Identify all lines below that hold "redirect" and collect them.

─── GIVEN RECORDS ───

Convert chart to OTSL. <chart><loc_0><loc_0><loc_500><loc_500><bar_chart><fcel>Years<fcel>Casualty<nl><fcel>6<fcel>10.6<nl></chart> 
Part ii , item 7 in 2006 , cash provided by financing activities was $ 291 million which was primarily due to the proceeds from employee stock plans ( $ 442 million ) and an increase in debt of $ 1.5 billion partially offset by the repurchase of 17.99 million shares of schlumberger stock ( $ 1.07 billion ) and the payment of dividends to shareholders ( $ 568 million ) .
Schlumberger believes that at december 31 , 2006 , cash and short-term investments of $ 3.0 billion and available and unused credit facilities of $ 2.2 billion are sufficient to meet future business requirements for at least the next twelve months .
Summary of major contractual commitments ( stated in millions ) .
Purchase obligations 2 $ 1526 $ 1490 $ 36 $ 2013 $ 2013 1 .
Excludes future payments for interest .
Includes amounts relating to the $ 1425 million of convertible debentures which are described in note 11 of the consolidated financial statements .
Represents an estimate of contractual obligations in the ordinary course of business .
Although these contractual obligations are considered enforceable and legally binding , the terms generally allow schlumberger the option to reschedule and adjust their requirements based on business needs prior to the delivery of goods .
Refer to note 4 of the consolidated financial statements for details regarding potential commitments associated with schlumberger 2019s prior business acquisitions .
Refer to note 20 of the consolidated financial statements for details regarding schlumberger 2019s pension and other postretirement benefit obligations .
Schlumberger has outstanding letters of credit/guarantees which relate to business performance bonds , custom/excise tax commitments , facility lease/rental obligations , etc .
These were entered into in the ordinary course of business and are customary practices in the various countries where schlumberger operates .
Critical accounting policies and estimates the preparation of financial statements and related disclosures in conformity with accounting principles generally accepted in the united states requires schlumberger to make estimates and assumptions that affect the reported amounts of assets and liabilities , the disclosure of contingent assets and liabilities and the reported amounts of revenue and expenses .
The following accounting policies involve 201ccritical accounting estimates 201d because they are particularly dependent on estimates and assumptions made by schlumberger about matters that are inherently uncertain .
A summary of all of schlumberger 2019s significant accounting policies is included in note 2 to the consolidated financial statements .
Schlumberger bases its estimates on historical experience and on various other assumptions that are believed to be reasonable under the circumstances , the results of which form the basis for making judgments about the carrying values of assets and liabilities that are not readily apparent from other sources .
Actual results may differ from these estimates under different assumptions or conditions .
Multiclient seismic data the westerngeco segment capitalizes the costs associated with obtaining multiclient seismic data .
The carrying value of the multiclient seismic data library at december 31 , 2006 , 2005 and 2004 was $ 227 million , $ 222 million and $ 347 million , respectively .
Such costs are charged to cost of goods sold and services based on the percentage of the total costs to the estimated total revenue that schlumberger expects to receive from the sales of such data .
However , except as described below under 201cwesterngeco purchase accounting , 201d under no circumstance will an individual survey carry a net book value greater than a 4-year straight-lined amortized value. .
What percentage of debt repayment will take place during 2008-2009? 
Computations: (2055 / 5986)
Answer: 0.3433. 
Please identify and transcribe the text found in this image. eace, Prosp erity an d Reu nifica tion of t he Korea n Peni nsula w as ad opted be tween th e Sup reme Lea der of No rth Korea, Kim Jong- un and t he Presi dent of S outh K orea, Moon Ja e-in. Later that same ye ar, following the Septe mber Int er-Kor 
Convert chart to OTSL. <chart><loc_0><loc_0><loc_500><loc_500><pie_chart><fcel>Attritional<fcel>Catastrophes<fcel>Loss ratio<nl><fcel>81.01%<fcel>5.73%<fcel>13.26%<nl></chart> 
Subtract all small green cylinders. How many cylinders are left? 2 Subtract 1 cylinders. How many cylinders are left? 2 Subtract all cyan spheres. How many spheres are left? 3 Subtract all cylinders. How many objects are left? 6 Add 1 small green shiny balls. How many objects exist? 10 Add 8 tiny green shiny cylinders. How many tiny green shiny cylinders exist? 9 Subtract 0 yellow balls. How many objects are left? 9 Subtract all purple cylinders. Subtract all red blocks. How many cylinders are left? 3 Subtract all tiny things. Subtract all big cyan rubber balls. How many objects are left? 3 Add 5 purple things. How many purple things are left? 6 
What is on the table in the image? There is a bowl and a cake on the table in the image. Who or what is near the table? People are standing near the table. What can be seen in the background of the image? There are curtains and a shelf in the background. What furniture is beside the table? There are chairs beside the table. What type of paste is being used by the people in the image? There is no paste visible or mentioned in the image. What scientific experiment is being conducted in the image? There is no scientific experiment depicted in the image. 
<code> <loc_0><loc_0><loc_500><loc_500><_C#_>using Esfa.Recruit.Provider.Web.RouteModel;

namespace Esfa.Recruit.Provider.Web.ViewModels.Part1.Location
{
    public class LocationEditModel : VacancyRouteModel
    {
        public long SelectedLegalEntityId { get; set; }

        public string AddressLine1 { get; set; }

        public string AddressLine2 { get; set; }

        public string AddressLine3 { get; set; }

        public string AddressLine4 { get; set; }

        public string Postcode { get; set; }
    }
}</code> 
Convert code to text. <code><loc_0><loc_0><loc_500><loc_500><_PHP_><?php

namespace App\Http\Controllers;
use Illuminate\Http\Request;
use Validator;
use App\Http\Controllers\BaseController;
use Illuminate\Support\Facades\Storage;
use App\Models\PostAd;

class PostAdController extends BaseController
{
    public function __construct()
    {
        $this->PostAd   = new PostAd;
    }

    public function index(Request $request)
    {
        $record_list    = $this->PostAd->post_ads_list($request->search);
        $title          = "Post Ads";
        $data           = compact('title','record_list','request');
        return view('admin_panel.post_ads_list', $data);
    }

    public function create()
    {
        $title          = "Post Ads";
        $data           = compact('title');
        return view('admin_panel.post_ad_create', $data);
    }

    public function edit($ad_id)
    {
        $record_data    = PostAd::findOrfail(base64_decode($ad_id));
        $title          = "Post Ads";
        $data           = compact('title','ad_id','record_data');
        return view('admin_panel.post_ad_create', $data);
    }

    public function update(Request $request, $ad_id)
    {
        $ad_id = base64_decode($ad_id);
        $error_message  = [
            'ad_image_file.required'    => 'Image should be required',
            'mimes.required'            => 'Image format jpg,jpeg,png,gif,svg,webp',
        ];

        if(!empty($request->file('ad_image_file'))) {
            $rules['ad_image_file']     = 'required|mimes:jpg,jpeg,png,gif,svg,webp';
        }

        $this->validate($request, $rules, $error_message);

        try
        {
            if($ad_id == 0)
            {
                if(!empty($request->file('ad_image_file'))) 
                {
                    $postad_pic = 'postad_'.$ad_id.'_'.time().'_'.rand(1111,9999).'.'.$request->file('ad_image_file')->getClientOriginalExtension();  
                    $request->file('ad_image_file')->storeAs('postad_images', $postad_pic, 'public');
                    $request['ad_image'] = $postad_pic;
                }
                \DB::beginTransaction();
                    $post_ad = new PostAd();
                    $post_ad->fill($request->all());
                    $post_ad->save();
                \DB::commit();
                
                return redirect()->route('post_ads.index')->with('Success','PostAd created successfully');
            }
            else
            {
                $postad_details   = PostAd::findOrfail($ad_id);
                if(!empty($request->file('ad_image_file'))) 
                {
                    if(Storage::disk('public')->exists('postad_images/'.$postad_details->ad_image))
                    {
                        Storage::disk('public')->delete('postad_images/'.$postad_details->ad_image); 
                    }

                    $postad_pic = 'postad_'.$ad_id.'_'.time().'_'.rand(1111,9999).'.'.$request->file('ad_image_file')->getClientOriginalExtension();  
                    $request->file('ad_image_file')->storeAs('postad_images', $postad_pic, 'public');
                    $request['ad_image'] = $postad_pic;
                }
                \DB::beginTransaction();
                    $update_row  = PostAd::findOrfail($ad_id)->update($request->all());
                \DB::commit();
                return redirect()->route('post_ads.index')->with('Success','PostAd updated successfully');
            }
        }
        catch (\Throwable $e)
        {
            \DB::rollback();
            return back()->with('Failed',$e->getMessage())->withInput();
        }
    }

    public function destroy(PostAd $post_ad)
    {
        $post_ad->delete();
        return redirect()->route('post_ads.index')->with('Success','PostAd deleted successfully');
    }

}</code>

───

- WORKED SOLUTION:
                return redirect()->route('post_ads.index')->with('Success','PostAd created successfully');
                return redirect()->route('post_ads.index')->with('Success','PostAd updated successfully');
        return redirect()->route('post_ads.index')->with('Success','PostAd deleted successfully');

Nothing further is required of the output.